## Unicode and Unicode encodings 

**Note**: This notebook is heavlity inspired by Andrej Karpathy's video [Let's build the GPT tokenizer](https://www.youtube.com/watch?v=zduSFxRajkE&t=1715s) 

In Python, strings are encoded with unicode, meaning each character is a unicode code point. Code points are identified by number, customarily written in hexadecimal with the prefix “U+”,
which are their index in the codespace. To retrieve the unicode code point of a character in Python, use the `ord` function with the character as its parameter. 

Unicode defines 3 types of encodings: UTF-8, UTF-16 and UTF-32. These encodings allow the standard's abstracted codes for characters to be processed and stored as binary data (refer to [A Programmer's Introduction to Unicode](https://www.reedbeta.com/blog/programmers-intro-to-unicode/)). 

Using the UTF-8 encoding to represent each characters as 1 - 4 bytes, which we can straight up visualize as integers. We can then utilize the byte pair encoding algorithm to shorten the representations of token, allowing our language model to see more tokens in its attention. 

## Byte pair encoding

In Karpathy's video, he implemented the byte pair encodign algorithm by looping through all the possible bytes combination, and update their frequencies. Then, he uses the max function to get the byte pair with the most frequency. After that, he creates the new byte sequence based on the new representation of the byte pair with the highest frequency. The `max()` function has a time complexity of **O(n)**, which results in his algorithm having the time complexity of **O(3n)**. 

Another way of implementing this procedure without having to rely on the max function is using a variable to always maintain the byte pair with the highest frequency.
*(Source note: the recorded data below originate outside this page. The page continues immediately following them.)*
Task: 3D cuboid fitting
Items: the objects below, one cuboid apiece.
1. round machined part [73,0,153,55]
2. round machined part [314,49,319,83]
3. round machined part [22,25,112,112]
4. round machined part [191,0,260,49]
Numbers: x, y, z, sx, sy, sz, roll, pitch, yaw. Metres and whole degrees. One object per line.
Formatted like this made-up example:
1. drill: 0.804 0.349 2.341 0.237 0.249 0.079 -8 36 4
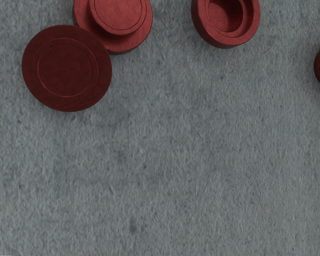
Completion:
1. round machined part: -0.055 -0.143 0.380 0.099 0.042 0.097 0 90 -21
2. round machined part: 0.296 -0.103 0.512 0.099 0.042 0.097 0 90 -21
3. round machined part: -0.104 -0.065 0.349 0.099 0.042 0.097 -2 104 -10
4. round machined part: 0.087 -0.159 0.433 0.099 0.042 0.097 0 90 -21
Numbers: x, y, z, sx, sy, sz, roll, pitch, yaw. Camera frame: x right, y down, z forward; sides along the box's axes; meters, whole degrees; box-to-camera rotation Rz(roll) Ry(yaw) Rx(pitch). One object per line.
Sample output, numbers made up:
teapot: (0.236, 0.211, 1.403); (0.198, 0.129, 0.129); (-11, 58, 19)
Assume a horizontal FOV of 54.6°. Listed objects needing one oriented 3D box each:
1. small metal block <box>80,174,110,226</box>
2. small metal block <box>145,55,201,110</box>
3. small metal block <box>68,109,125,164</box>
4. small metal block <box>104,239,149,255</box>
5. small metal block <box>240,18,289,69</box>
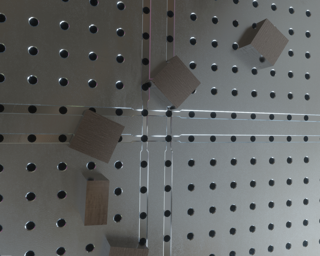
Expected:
small metal block: (-0.079, 0.084, 0.370); (0.025, 0.050, 0.050); (3, 89, -20)
small metal block: (0.018, -0.061, 0.419); (0.050, 0.025, 0.050); (46, 76, -14)
small metal block: (-0.079, 0.010, 0.383); (0.050, 0.025, 0.050); (26, 81, -18)
small metal block: (-0.046, 0.174, 0.396); (0.050, 0.025, 0.050); (13, 86, -20)
small metal block: (0.159, -0.127, 0.470); (0.050, 0.025, 0.050); (37, 78, -16)
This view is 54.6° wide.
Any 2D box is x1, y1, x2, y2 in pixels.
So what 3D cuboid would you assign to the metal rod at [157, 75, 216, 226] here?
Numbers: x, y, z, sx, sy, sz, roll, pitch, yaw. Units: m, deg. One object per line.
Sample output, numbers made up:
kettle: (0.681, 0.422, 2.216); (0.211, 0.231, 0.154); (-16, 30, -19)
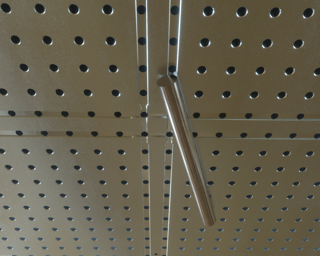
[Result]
metal rod: (0.048, 0.054, 0.457); (0.025, 0.025, 0.299); (-12, 129, 10)
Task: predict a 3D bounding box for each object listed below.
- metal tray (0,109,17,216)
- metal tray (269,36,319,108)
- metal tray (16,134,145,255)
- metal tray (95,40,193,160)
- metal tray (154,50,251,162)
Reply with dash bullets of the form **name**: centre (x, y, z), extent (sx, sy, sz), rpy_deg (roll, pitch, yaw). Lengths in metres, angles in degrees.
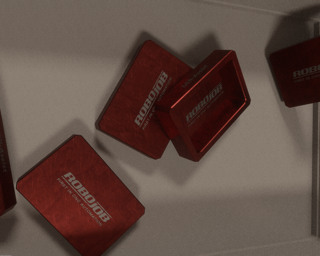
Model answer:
- **metal tray**: centre (-0.207, 0.029, 0.315), extent (0.091, 0.030, 0.129), rpy_deg (-10, 91, -4)
- **metal tray**: centre (0.234, -0.086, 0.442), extent (0.030, 0.130, 0.090), rpy_deg (-29, 101, -40)
- **metal tray**: centre (-0.092, 0.083, 0.375), extent (0.090, 0.030, 0.130), rpy_deg (-42, 104, -15)
- **metal tray**: centre (-0.013, -0.036, 0.404), extent (0.090, 0.030, 0.130), rpy_deg (31, 80, -18)
- **metal tray**: centre (0.061, -0.031, 0.406), extent (0.131, 0.030, 0.090), rpy_deg (-44, 125, -23)
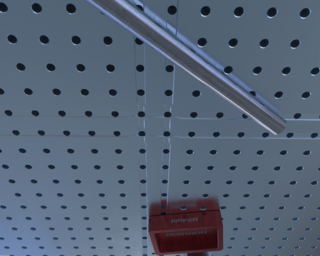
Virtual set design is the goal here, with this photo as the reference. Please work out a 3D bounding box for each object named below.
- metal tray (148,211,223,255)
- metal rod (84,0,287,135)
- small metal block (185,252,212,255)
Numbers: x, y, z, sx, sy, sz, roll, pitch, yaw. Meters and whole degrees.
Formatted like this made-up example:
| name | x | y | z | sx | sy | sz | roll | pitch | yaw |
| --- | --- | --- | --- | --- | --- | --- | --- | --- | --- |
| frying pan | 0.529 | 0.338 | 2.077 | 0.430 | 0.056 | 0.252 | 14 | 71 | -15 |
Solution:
| name | x | y | z | sx | sy | sz | roll | pitch | yaw |
| --- | --- | --- | --- | --- | --- | --- | --- | --- | --- |
| metal tray | 0.050 | 0.197 | 0.577 | 0.131 | 0.030 | 0.089 | -6 | 130 | 4 |
| metal rod | 0.039 | -0.072 | 0.351 | 0.301 | 0.025 | 0.025 | 30 | 124 | -24 |
| small metal block | 0.079 | 0.278 | 0.650 | 0.050 | 0.025 | 0.050 | 4 | 130 | -4 |
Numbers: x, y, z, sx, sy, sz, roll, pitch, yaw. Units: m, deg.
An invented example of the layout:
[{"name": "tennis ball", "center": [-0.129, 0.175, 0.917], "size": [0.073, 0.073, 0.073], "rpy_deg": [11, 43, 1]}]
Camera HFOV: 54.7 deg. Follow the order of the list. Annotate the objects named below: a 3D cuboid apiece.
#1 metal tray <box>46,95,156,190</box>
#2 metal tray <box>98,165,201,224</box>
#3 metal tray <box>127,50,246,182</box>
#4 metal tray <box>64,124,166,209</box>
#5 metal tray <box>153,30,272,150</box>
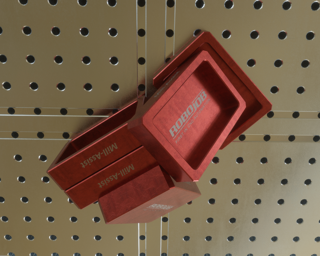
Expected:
[{"name": "metal tray", "center": [-0.067, 0.015, 0.383], "size": [0.130, 0.090, 0.030], "rpy_deg": [-31, 108, 10]}, {"name": "metal tray", "center": [-0.007, 0.089, 0.397], "size": [0.090, 0.130, 0.030], "rpy_deg": [-31, 66, 11]}, {"name": "metal tray", "center": [0.036, -0.015, 0.348], "size": [0.090, 0.030, 0.130], "rpy_deg": [49, 58, -16]}, {"name": "metal tray", "center": [-0.049, 0.039, 0.391], "size": [0.130, 0.090, 0.030], "rpy_deg": [-31, 108, 10]}, {"name": "metal tray", "center": [0.066, -0.046, 0.394], "size": [0.090, 0.030, 0.130], "rpy_deg": [-42, 105, 13]}]
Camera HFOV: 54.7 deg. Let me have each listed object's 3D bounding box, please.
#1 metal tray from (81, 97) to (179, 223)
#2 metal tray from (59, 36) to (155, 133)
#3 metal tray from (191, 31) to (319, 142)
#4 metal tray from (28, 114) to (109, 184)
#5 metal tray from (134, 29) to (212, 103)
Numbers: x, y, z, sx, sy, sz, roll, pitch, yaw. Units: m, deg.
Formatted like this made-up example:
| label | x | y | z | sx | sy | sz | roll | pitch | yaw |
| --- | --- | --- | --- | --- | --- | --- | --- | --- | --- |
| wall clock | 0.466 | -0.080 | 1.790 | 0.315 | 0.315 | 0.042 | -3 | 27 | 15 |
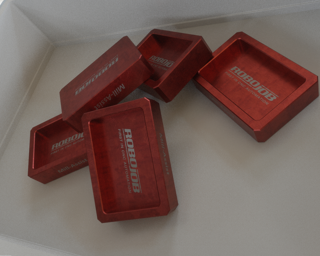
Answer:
| label | x | y | z | sx | sy | sz | roll | pitch | yaw |
| --- | --- | --- | --- | --- | --- | --- | --- | --- | --- |
| metal tray | -0.037 | 0.038 | 0.360 | 0.090 | 0.030 | 0.129 | -13 | 83 | 20 |
| metal tray | -0.077 | -0.063 | 0.426 | 0.130 | 0.030 | 0.090 | -38 | 37 | 6 |
| metal tray | 0.109 | -0.055 | 0.378 | 0.090 | 0.030 | 0.130 | -40 | 51 | 0 |
| metal tray | -0.131 | 0.017 | 0.458 | 0.130 | 0.030 | 0.090 | -24 | 53 | 13 |
| metal tray | 0.000 | -0.093 | 0.436 | 0.090 | 0.030 | 0.130 | -48 | 36 | -6 |
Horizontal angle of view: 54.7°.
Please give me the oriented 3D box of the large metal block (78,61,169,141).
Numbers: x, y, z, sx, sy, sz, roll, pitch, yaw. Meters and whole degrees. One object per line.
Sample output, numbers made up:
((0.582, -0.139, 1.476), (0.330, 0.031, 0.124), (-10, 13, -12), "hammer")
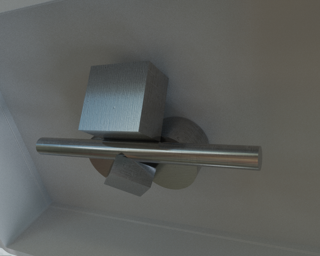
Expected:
((-0.041, -0.029, 0.366), (0.080, 0.050, 0.080), (1, 76, 27), "large metal block")

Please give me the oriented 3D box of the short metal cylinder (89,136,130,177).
((-0.054, 0.031, 0.437), (0.080, 0.050, 0.079), (13, 124, 20), "short metal cylinder")

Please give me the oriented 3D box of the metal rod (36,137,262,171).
((-0.034, 0.028, 0.376), (0.301, 0.025, 0.025), (1, 119, 27), "metal rod")

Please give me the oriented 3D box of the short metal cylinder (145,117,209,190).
((0.018, 0.032, 0.400), (0.080, 0.050, 0.079), (13, 124, 20), "short metal cylinder")

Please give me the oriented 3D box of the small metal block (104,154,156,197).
((-0.038, 0.060, 0.384), (0.050, 0.025, 0.050), (21, 151, -8), "small metal block")
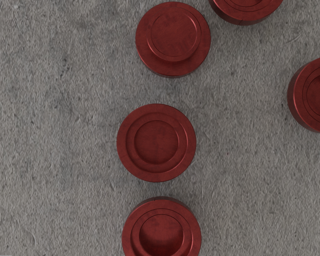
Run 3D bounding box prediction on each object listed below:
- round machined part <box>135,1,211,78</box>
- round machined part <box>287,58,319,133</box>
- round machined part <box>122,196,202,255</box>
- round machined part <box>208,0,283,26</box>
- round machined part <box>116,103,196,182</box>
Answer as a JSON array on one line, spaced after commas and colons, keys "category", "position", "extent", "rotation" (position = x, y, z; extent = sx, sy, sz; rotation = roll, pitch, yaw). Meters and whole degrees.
[{"category": "round machined part", "position": [0.017, -0.116, 0.401], "extent": [0.099, 0.042, 0.097], "rotation": [0, 90, 0]}, {"category": "round machined part", "position": [0.214, -0.041, 0.403], "extent": [0.099, 0.042, 0.097], "rotation": [0, 90, 0]}, {"category": "round machined part", "position": [0.002, 0.137, 0.401], "extent": [0.099, 0.042, 0.097], "rotation": [0, 90, 0]}, {"category": "round machined part", "position": [0.109, -0.181, 0.402], "extent": [0.099, 0.042, 0.097], "rotation": [0, 90, 0]}, {"category": "round machined part", "position": [-0.004, 0.018, 0.401], "extent": [0.099, 0.042, 0.097], "rotation": [0, 90, 0]}]
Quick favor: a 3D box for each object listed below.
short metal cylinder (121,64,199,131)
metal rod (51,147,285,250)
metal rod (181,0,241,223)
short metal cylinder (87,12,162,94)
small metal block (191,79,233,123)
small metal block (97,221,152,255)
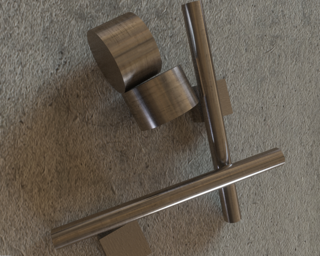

This will remove the need for a `max()` function, reducing the time complexity of this function to **O(2n)**. 

In [30]:
s = "日本からこんにちは (Hello from Japan!)"

In [31]:
unicode_s = [ord(x) for x in s] 

# bytes representation converted to integers representation 
utf_8_s = list(s.encode("utf-8"))

print(f"{unicode_s} | length: {len(unicode_s)}")
print(f"{utf_8_s} | length: {len(utf_8_s)}") # longer length meaning some characters need more than 1 byte to be represented

[26085, 26412, 12363, 12425, 12371, 12435, 12395, 12385, 12399, 32, 40, 72, 101, 108, 108, 111, 32, 102, 114, 111, 109, 32, 74, 97, 112, 97, 110, 33, 41] | length: 29
[230, 151, 165, 230, 156, 172, 227, 129, 139, 227, 130, 137, 227, 129, 147, 227, 130, 147, 227, 129, 171, 227, 129, 161, 227, 129, 175, 32, 40, 72, 101, 108, 108, 111, 32, 102, 114, 111, 109, 32, 74, 97, 112, 97, 110, 33, 41] | length: 47


In [32]:
# encode a long paragraph
text = " UTF-8, each code point is stored using 1 to 4 bytes, based on its index value.  UTF-8 uses a system of binary prefixes, in which the high bits of each byte mark whether it’s a single byte, the beginning of a multi-byte sequence, or a continuation byte; the remaining bits, concatenated, give the code point index."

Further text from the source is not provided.